Depuis le début de la crise sanitaire, les étrangers mariés, pacsés ou justifiant d’une vie commune (concubin·e·s) avec un·e ressortisant·e français·e font partie des catégories autorisées à entrer en France, munis, s’ils/elles viennent d’un pays hors UE et identifié comme zone de circulation de l’infection du SARS-CoV-2, de l’attestation dérogatoire vers la France métropolitaine, qui peut être téléchargée sur le site du ministère de l’intérieur. Ces personnes demeurent soumises aux règles applicables en matière d’entrée et de séjour, notamment l’obligation éventuelle de visa en fonction de la nationalité.

Les visas pour les conjoint·e·s font d’ailleurs l’objet d’un traitement prioritaire par les consulats français. Sensibles à la situation difficile des ressortissant·e·s français·e·s ayant une relation sentimentale (non matérialisées par un mariage, un pacs, un acte de concubinage ou une résidence commune) et souhaitant retrouver leur partenaire étranger en France, le ministère de l’Europe et des affaires étrangères et le ministère de l’intérieur, après accord du Premier ministre, ont mis en place une procédure dérogatoire d’entrée en France qui s’applique aux ressortissants étrangers en mesure de justifier, auprès du consulat compétent, l’existence d’une relation sentimentale avec un·e ressortisant·e français·e·s depuis au moins 6 mois avant la fermeture des frontières et ayant effectué au moins un précédent séjour en France.

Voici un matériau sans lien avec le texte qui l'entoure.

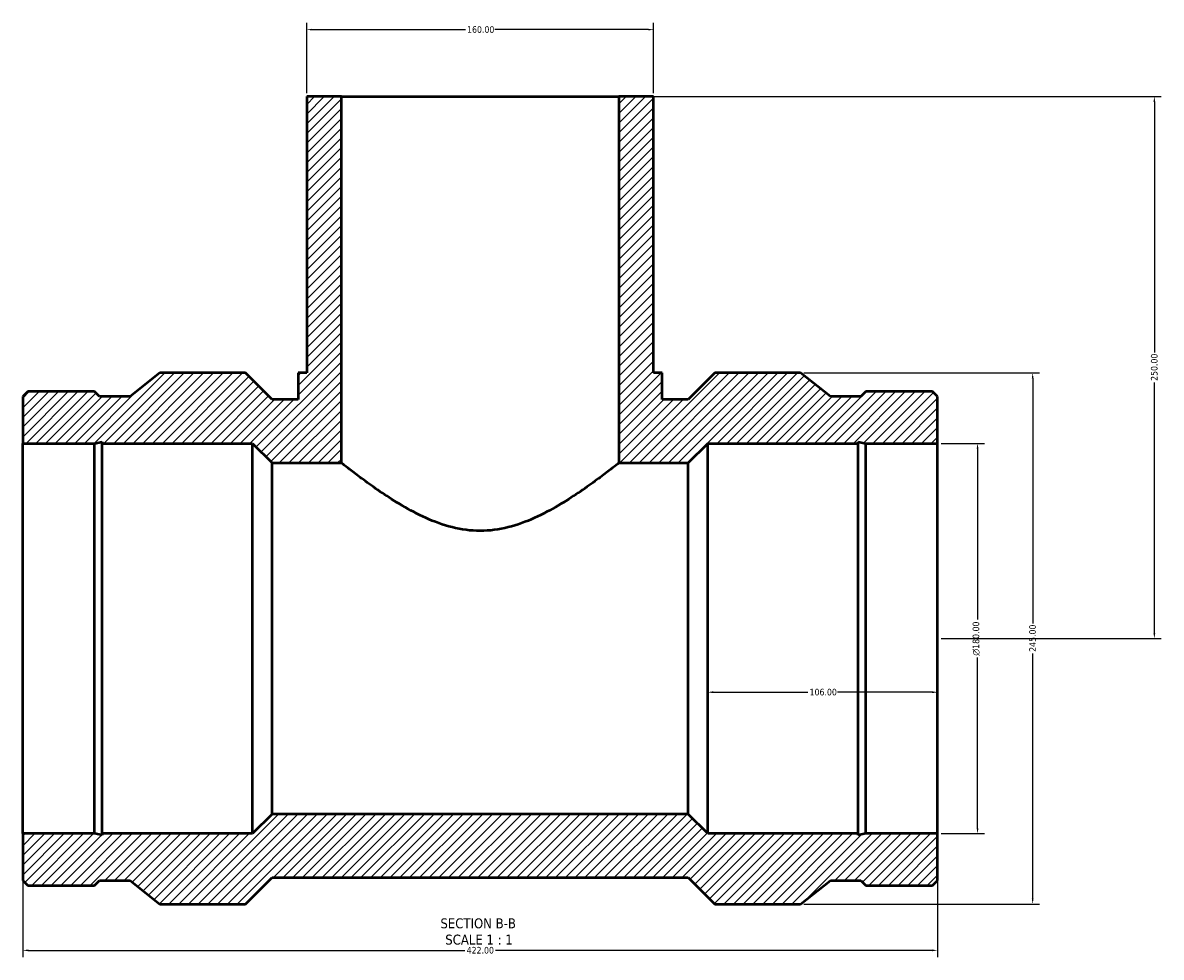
# Model space of a CAD drawing. Header units: millimetres. Extents: x -211 to 1382, y -263 to 1416.
# Tile 6 of 7: x 304 to 829, y 985 to 1416. Entities that reach past the tile are written whole.
import ezdxf

# ---------------------------------------------------------------- set-up
doc = ezdxf.new("R2010")
doc.units = ezdxf.units.MM
for name, color, linetype, lineweight in [('Dimension (ANSI)', 7, 'Continuous', 25), ('Hatch (ANSI)', 7, 'Continuous', 18), ('Symbol (ANSI)', 7, 'Continuous', 25), ('Visible (ANSI)', 7, 'Continuous', 50)]:
    doc.layers.add(name, color=color, linetype=linetype, lineweight=lineweight)
doc.styles.add('Label Text (ANSI)', font='tahoma.ttf')
doc.styles.add('Note Text (ANSI)', font='tahoma.ttf')
doc.dimstyles.new('Default - mm (ANSI)', dxfattribs={"dimtxt": 3.048, "dimasz": 2.5, "dimexe": 3.175, "dimexo": 1.6002, "dimgap": 0.8, "dimtad": 0, "dimtoh": 1, "dimrnd": 1e-08, "dimzin": 4, "dimdsep": 46, "dimtxsty": 'Note Text (ANSI)', "dimcen": 0.09, "dimdle": 10, "dimclrd": 256, "dimclre": 256, "dimclrt": 256, "dimadec": 1, "dimazin": 1, "dimtfac": 1, "dimtofl": 0, "dimtmove": 0, "dimatfit": 3, "dimfxl": 1, "dimtolj": 1, "dimtzin": 4, "dimlwd": -1, "dimlwe": -1, "dimarcsym": 0})

# ---------------------------------------------------------------- blocks, each defined once
blk = doc.blocks.new('*D7')
at = {"layer": 'Defpoints', "color": 0, "transparency": 16777216}
for p in [(726.03, 1221.56), (726.03, 1041.56), (744.48, 1041.56)]:
    blk.add_point(p, dxfattribs=at)
at = {"layer": 'Dimension (ANSI)', "transparency": 16777216}
for p, q in [((727.63, 1221.56), (747.65, 1221.56)), ((744.48, 1219.06), (744.48, 1140.28)), ((744.48, 1044.06), (744.48, 1122.84)), ((727.63, 1041.56), (747.65, 1041.56))]:
    blk.add_line(p, q, dxfattribs=at)
for points in [[(744.06, 1219.06), (744.9, 1219.06), (744.48, 1221.56)], [(744.06, 1044.06), (744.9, 1044.06), (744.48, 1041.56)]]:
    blk.add_solid(points, dxfattribs=at)
at = {"layer": 'Dimension (ANSI)', "transparency": 16777216, "insert": (742.19, 1123.64), "char_height": 3.048, "attachment_point": 1, "rotation": 90, "style": 'Note Text (ANSI)'}
blk.add_mtext('\\A1;\\fAIGDT|b0|i0;\\H3.0480;\\ln\\fTahoma|b0|i0;\\H3.0480;180.00', dxfattribs=at)
blk = doc.blocks.new('*D8')
at = {"layer": 'Defpoints', "color": 0, "transparency": 16777216}
for p in [(662.73, 1254.06), (662.73, 1009.06), (769.9, 1009.06)]:
    blk.add_point(p, dxfattribs=at)
at = {"layer": 'Dimension (ANSI)', "transparency": 16777216}
for p, q in [((664.33, 1254.06), (773.07, 1254.06)), ((769.9, 1251.56), (769.9, 1138.52)), ((769.9, 1011.56), (769.9, 1124.6)), ((664.33, 1009.06), (773.07, 1009.06))]:
    blk.add_line(p, q, dxfattribs=at)
for points in [[(769.48, 1251.56), (770.31, 1251.56), (769.9, 1254.06)], [(769.48, 1011.56), (770.31, 1011.56), (769.9, 1009.06)]]:
    blk.add_solid(points, dxfattribs=at)
at = {"layer": 'Dimension (ANSI)', "transparency": 16777216, "insert": (768.31, 1125.4), "char_height": 3.048, "attachment_point": 1, "rotation": 90, "style": 'Note Text (ANSI)'}
blk.add_mtext('\\A1;245.00', dxfattribs=at)
blk = doc.blocks.new('*D9')
at = {"layer": 'Defpoints', "color": 0, "transparency": 16777216}
for p in [(620.03, 1131.56), (726.03, 1131.56), (620.03, 1106.78)]:
    blk.add_point(p, dxfattribs=at)
at = {"layer": 'Dimension (ANSI)', "transparency": 16777216}
for p, q in [((622.53, 1106.78), (666.19, 1106.78)), ((723.53, 1106.78), (679.87, 1106.78))]:
    blk.add_line(p, q, dxfattribs=at)
for points in [[(622.53, 1107.19), (622.53, 1106.36), (620.03, 1106.78)], [(723.53, 1107.19), (723.53, 1106.36), (726.03, 1106.78)]]:
    blk.add_solid(points, dxfattribs=at)
at = {"layer": 'Dimension (ANSI)', "transparency": 16777216, "insert": (666.99, 1108.36), "char_height": 3.048, "attachment_point": 1, "style": 'Note Text (ANSI)'}
blk.add_mtext('\\A1;106.00', dxfattribs=at)
blk = doc.blocks.new('*D10')
at = {"layer": 'Defpoints', "color": 0, "transparency": 16777216}
for p in [(304.03, 1041.56), (726.03, 1041.56), (726.03, 987.7)]:
    blk.add_point(p, dxfattribs=at)
at = {"layer": 'Dimension (ANSI)', "transparency": 16777216}
for p, q in [((304.03, 1039.96), (304.03, 984.52)), ((726.03, 1039.96), (726.03, 984.52)), ((306.53, 987.7), (508, 987.7)), ((723.53, 987.7), (522.06, 987.7))]:
    blk.add_line(p, q, dxfattribs=at)
for points in [[(306.53, 988.11), (306.53, 987.28), (304.03, 987.7)], [(723.53, 988.11), (723.53, 987.28), (726.03, 987.7)]]:
    blk.add_solid(points, dxfattribs=at)
at = {"layer": 'Dimension (ANSI)', "transparency": 16777216, "insert": (508.8, 989.28), "char_height": 3.048, "attachment_point": 1, "style": 'Note Text (ANSI)'}
blk.add_mtext('\\A1;422.00', dxfattribs=at)
blk = doc.blocks.new('*D11')
at = {"layer": 'Defpoints', "color": 0, "transparency": 16777216}
for p in [(579.03, 1381.56), (826.03, 1381.56), (726.03, 1131.56)]:
    blk.add_point(p, dxfattribs=at)
at = {"layer": 'Dimension (ANSI)', "transparency": 16777216}
for p, q in [((580.63, 1381.56), (829.21, 1381.56)), ((826.03, 1379.06), (826.03, 1263.52)), ((826.03, 1134.06), (826.03, 1249.6)), ((727.63, 1131.56), (829.21, 1131.56))]:
    blk.add_line(p, q, dxfattribs=at)
for points in [[(825.61, 1379.06), (826.45, 1379.06), (826.03, 1381.56)], [(825.61, 1134.06), (826.45, 1134.06), (826.03, 1131.56)]]:
    blk.add_solid(points, dxfattribs=at)
at = {"layer": 'Dimension (ANSI)', "transparency": 16777216, "insert": (824.44, 1250.4), "char_height": 3.048, "attachment_point": 1, "rotation": 90, "style": 'Note Text (ANSI)'}
blk.add_mtext('\\A1;250.00', dxfattribs=at)
blk = doc.blocks.new('*D12')
at = {"layer": 'Defpoints', "color": 0, "transparency": 16777216}
for p in [(435.03, 1412.43), (435.03, 1381.56), (595.03, 1381.56)]:
    blk.add_point(p, dxfattribs=at)
at = {"layer": 'Dimension (ANSI)', "transparency": 16777216}
for p, q in [((435.03, 1383.16), (435.03, 1415.61)), ((595.03, 1383.16), (595.03, 1415.61)), ((437.53, 1412.43), (508.19, 1412.43)), ((592.53, 1412.43), (521.87, 1412.43))]:
    blk.add_line(p, q, dxfattribs=at)
for points in [[(437.53, 1412.85), (437.53, 1412.02), (435.03, 1412.43)], [(592.53, 1412.85), (592.53, 1412.02), (595.03, 1412.43)]]:
    blk.add_solid(points, dxfattribs=at)
at = {"layer": 'Dimension (ANSI)', "transparency": 16777216, "insert": (508.99, 1414.02), "char_height": 3.048, "attachment_point": 1, "style": 'Note Text (ANSI)'}
blk.add_mtext('\\A1;160.00', dxfattribs=at)

msp = doc.modelspace()

# ---------------------------------------------------------------- hatches: boundary and pattern name
at = {"layer": 'Hatch (ANSI)'}
h = msp.add_hatch(dxfattribs=at)
h.set_pattern_fill('ANSI31', color=256, scale=25.4, style=0)
h.set_pattern_definition([(45, (0, 0), (-2.245064, 2.245064), [])])
h.paths.add_polyline_path([(579.031, 1381.558), (579.031, 1212.558), (611.031, 1212.558), (620.031, 1221.558), (689.45, 1221.558), (689.45, 1222.307), (692.976, 1221.558), (726.031, 1221.558), (726.031, 1243.205), (723.753, 1245.483), (692.976, 1245.483), (690.698, 1243.205), (676.565, 1243.205), (662.731, 1254.058), (623.286, 1254.058), (611.036, 1241.808), (599.031, 1241.808), (599.031, 1254.058), (595.031, 1254.058), (595.031, 1381.558)])
h.paths.add_polyline_path([(304.031, 1243.205), (304.031, 1221.558), (337.086, 1221.558), (340.612, 1222.307), (340.612, 1221.558), (410.031, 1221.558), (419.031, 1212.558), (451.031, 1212.558), (451.031, 1381.558), (435.031, 1381.558), (435.031, 1254.058), (431.031, 1254.058), (431.031, 1241.808), (419.026, 1241.808), (406.776, 1254.058), (367.331, 1254.058), (353.498, 1243.205), (339.365, 1243.205), (337.086, 1245.483), (306.31, 1245.483)])
h.paths.add_polyline_path([(304.031, 1041.558), (304.031, 1019.912), (306.31, 1017.633), (337.086, 1017.633), (339.365, 1019.912), (353.498, 1019.912), (367.331, 1009.058), (406.776, 1009.058), (419.026, 1021.308), (611.036, 1021.308), (623.286, 1009.058), (662.731, 1009.058), (676.565, 1019.912), (690.698, 1019.912), (692.976, 1017.633), (723.753, 1017.633), (726.031, 1019.912), (726.031, 1041.558), (692.976, 1041.558), (689.45, 1040.809), (689.45, 1041.558), (620.031, 1041.558), (611.031, 1050.558), (419.031, 1050.558), (410.031, 1041.558), (340.612, 1041.558), (340.612, 1040.809), (337.086, 1041.558)])

# ---------------------------------------------------------------- linework, layer by layer
at = {"layer": 'Visible (ANSI)'}
for p, q in [((451.031, 1381.558), (435.031, 1381.558)), ((435.031, 1381.558), (435.031, 1254.058)), ((451.031, 1212.558), (451.031, 1381.558)), ((451.031, 1381.558), (579.031, 1381.558)), ((579.031, 1381.558), (579.031, 1212.558)), ((595.031, 1381.558), (579.031, 1381.558)), ((595.031, 1254.058), (595.031, 1381.558)), ((367.331, 1254.058), (353.498, 1243.205)), ((406.776, 1254.058), (367.331, 1254.058)), ((419.026, 1241.808), (406.776, 1254.058)), ((435.031, 1254.058), (431.031, 1254.058)), ((431.031, 1254.058), (431.031, 1241.808)), ((599.031, 1254.058), (595.031, 1254.058)), ((599.031, 1241.808), (599.031, 1254.058)), ((623.286, 1254.058), (611.036, 1241.808)), ((662.731, 1254.058), (623.286, 1254.058)), ((676.565, 1243.205), (662.731, 1254.058)), ((306.31, 1245.483), (304.031, 1243.205)), ((337.086, 1245.483), (306.31, 1245.483)), ((339.365, 1243.205), (337.086, 1245.483)), ((692.976, 1245.483), (690.698, 1243.205)), ((723.753, 1245.483), (692.976, 1245.483)), ((726.031, 1243.205), (723.753, 1245.483)), ((304.031, 1243.205), (304.031, 1221.558)), ((353.498, 1243.205), (339.365, 1243.205)), ((431.031, 1241.808), (419.026, 1241.808)), ((611.036, 1241.808), (599.031, 1241.808)), ((690.698, 1243.205), (676.565, 1243.205)), ((726.031, 1221.558), (726.031, 1243.205)), ((304.031, 1221.558), (337.086, 1221.558)), ((304.031, 1041.558), (304.031, 1221.558)), ((337.086, 1221.558), (340.612, 1222.307)), ((337.086, 1041.558), (337.086, 1221.558)), ((340.612, 1222.307), (340.612, 1221.558)), ((340.612, 1221.558), (410.031, 1221.558)), ((340.612, 1041.558), (340.612, 1221.558)), ((410.031, 1221.558), (419.031, 1212.558)), ((410.031, 1041.558), (410.031, 1221.558)), ((611.031, 1212.558), (620.031, 1221.558)), ((620.031, 1221.558), (689.45, 1221.558)), ((620.031, 1041.558), (620.031, 1221.558)), ((689.45, 1221.558), (689.45, 1222.307)), ((689.45, 1222.307), (692.976, 1221.558)), ((689.45, 1041.558), (689.45, 1221.558)), ((692.976, 1221.558), (726.031, 1221.558)), ((692.976, 1041.558), (692.976, 1221.558)), ((726.031, 1041.558), (726.031, 1221.558)), ((419.031, 1212.558), (451.031, 1212.558)), ((419.031, 1050.558), (419.031, 1212.558)), ((579.031, 1212.558), (611.031, 1212.558)), ((611.031, 1050.558), (611.031, 1212.558)), ((419.031, 1050.558), (410.031, 1041.558)), ((611.031, 1050.558), (419.031, 1050.558)), ((620.031, 1041.558), (611.031, 1050.558)), ((304.031, 1041.558), (304.031, 1019.912)), ((337.086, 1041.558), (304.031, 1041.558)), ((340.612, 1040.809), (337.086, 1041.558)), ((410.031, 1041.558), (340.612, 1041.558)), ((340.612, 1041.558), (340.612, 1040.809)), ((689.45, 1041.558), (620.031, 1041.558)), ((692.976, 1041.558), (689.45, 1040.809)), ((689.45, 1040.809), (689.45, 1041.558)), ((726.031, 1041.558), (692.976, 1041.558)), ((726.031, 1019.912), (726.031, 1041.558)), ((304.031, 1019.912), (306.31, 1017.633)), ((337.086, 1017.633), (339.365, 1019.912)), ((339.365, 1019.912), (353.498, 1019.912)), ((353.498, 1019.912), (367.331, 1009.058)), ((406.776, 1009.058), (419.026, 1021.308)), ((419.026, 1021.308), (611.036, 1021.308)), ((611.036, 1021.308), (623.286, 1009.058)), ((662.731, 1009.058), (676.565, 1019.912)), ((676.565, 1019.912), (690.698, 1019.912)), ((690.698, 1019.912), (692.976, 1017.633)), ((723.753, 1017.633), (726.031, 1019.912)), ((306.31, 1017.633), (337.086, 1017.633)), ((692.976, 1017.633), (723.753, 1017.633)), ((367.331, 1009.058), (406.776, 1009.058)), ((623.286, 1009.058), (662.731, 1009.058))]:
    msp.add_line(p, q, dxfattribs=at)
for points, knots in [([(515.031, 1181.207), (510.674, 1181.207), (506.34, 1181.797), (497.936, 1183.91), (493.863, 1185.42), (486.131, 1188.902), (482.466, 1190.87), (475.679, 1194.851), (472.558, 1196.863), (467.075, 1200.557), (464.492, 1202.387), (459.864, 1205.76), (457.818, 1207.303), (454.478, 1209.856), (453.182, 1210.868), (451.458, 1212.22), (451.031, 1212.558), (451.031, 1212.558)], [0, 0, 0, 0, 1.3072897, 1.3072897, 2.6145795, 2.6145795, 3.9218692, 3.9218692, 5.229159, 5.229159, 6.4988391, 6.4988391, 7.7685192, 7.7685192, 9.0381992, 9.0381992, 10.3078793, 10.3078793, 10.3078793, 10.3078793]), ([(579.031, 1212.558), (579.031, 1212.558), (578.605, 1212.22), (576.881, 1210.868), (575.584, 1209.856), (572.245, 1207.303), (570.199, 1205.76), (565.57, 1202.387), (562.988, 1200.557), (557.504, 1196.863), (554.383, 1194.851), (547.596, 1190.87), (543.931, 1188.902), (536.199, 1185.42), (532.126, 1183.91), (523.722, 1181.797), (519.389, 1181.207), (515.031, 1181.207)], [30.923638, 30.923638, 30.923638, 30.923638, 32.1933181, 32.1933181, 33.4629982, 33.4629982, 34.7326783, 34.7326783, 36.0023584, 36.0023584, 37.3096481, 37.3096481, 38.6169379, 38.6169379, 39.9242276, 39.9242276, 41.2315173, 41.2315173, 41.2315173, 41.2315173])]:
    msp.add_open_spline(points, degree=3, knots=knots, dxfattribs=at)

# ---------------------------------------------------------------- texts
at = {"layer": 'Symbol (ANSI)', "char_height": 4.572, "attachment_point": 7, "style": 'Label Text (ANSI)'}
for s, insert in [('SECTION B-B', (496.703, 997.793)), ('SCALE 1 : 1', (498.926, 990.28))]:
    msp.add_mtext(s, dxfattribs=dict(at, insert=insert))

# ---------------------------------------------------------------- dimensions: what is measured, and where the dimension line sits
at = {"layer": 'Dimension (ANSI)'}
dim = msp.add_linear_dim(base=(435.031, 1412.433), p1=(595.031, 1381.558), p2=(435.031, 1381.558), dimstyle='Default - mm (ANSI)', override={"dimtoh": 0, "dimdec": 2, "dimtp": 0, "dimtm": 0, "dimtdec": 2, "dimatfit": 1}, dxfattribs=at)
dim.commit()
dim.dimension.update_dxf_attribs({"geometry": '*D12', "text_midpoint": (515.031, 1412.433), "dimtype": 160})
for base, p1, p2, angle, override, picture, middle in [((826.031, 1381.558), (726.031, 1131.558), (579.031, 1381.558), 90, {"dimtoh": 0, "dimdec": 2, "dimtp": 0, "dimtm": 0, "dimtdec": 2, "dimatfit": 1}, '*D11', (826.031, 1256.558)), ((769.896, 1009.058), (662.731, 1254.058), (662.731, 1009.058), 90, {"dimtoh": 0, "dimdec": 2, "dimtp": 0, "dimtm": 0, "dimtdec": 2, "dimatfit": 1}, '*D8', (769.896, 1131.558)), ((620.031, 1106.776), (726.031, 1131.558), (620.031, 1131.558), 180, {"dimtoh": 0, "dimdec": 2, "dimse1": 1, "dimse2": 1, "dimtp": 0, "dimtm": 0, "dimtdec": 2, "dimatfit": 1}, '*D9', (673.031, 1106.776)), ((726.031, 987.697), (304.031, 1041.558), (726.031, 1041.558), 180, {"dimtoh": 0, "dimdec": 2, "dimtp": 0, "dimtm": 0, "dimtdec": 2, "dimatfit": 1}, '*D10', (515.031, 987.697))]:
    dim = msp.add_linear_dim(base=base, p1=p1, p2=p2, angle=angle, dimstyle='Default - mm (ANSI)', override=override, dxfattribs=at)
    dim.commit()
    dim.dimension.update_dxf_attribs({"geometry": picture, "text_midpoint": middle, "dimtype": 160})
dim = msp.add_linear_dim(base=(744.479, 1041.558), p1=(726.031, 1221.558), p2=(726.031, 1041.558), angle=90, text='\\fAIGDT|b0|i0;\\H3.0480;\\ln\\fTahoma|b0|i0;\\H3.0480;<>', dimstyle='Default - mm (ANSI)', override={"dimtoh": 0, "dimdec": 2, "dimtp": 0, "dimtm": 0, "dimtdec": 2, "dimatfit": 1}, dxfattribs=at)
dim.commit()
dim.dimension.update_dxf_attribs({"geometry": '*D7', "text_midpoint": (744.479, 1131.558), "dimtype": 160})

doc.saveas('drawing.dxf')

La possibilité de retour dans le pays de résidence et la présentation d’un billet retour sont également requis. Une autorisation d’entrée leur est délivrée à titre exceptionnel pour un séjour en France d’une durée maximum de 90 jours. Les détenteurs/trices de ce laissez-passer restent soumis·e·s aux règles applicables en matière d’entrée et de séjour en France (notamment l’obligation éventuelle de visa en fonction de la nationalité). Actuellement, ce dispositif dérogatoire ne s’applique pas aux étranger·e·s qui souhaiteraient accompagner en France leur partenaire français·e résidant à l’étranger et de passage en France, ni aux partenaires étranger·e·s de ressortissant·e·s étranger·e·s résidant en France, le principe étant la fermeture des frontières extérieures de l’espace européen pour raisons sanitaires.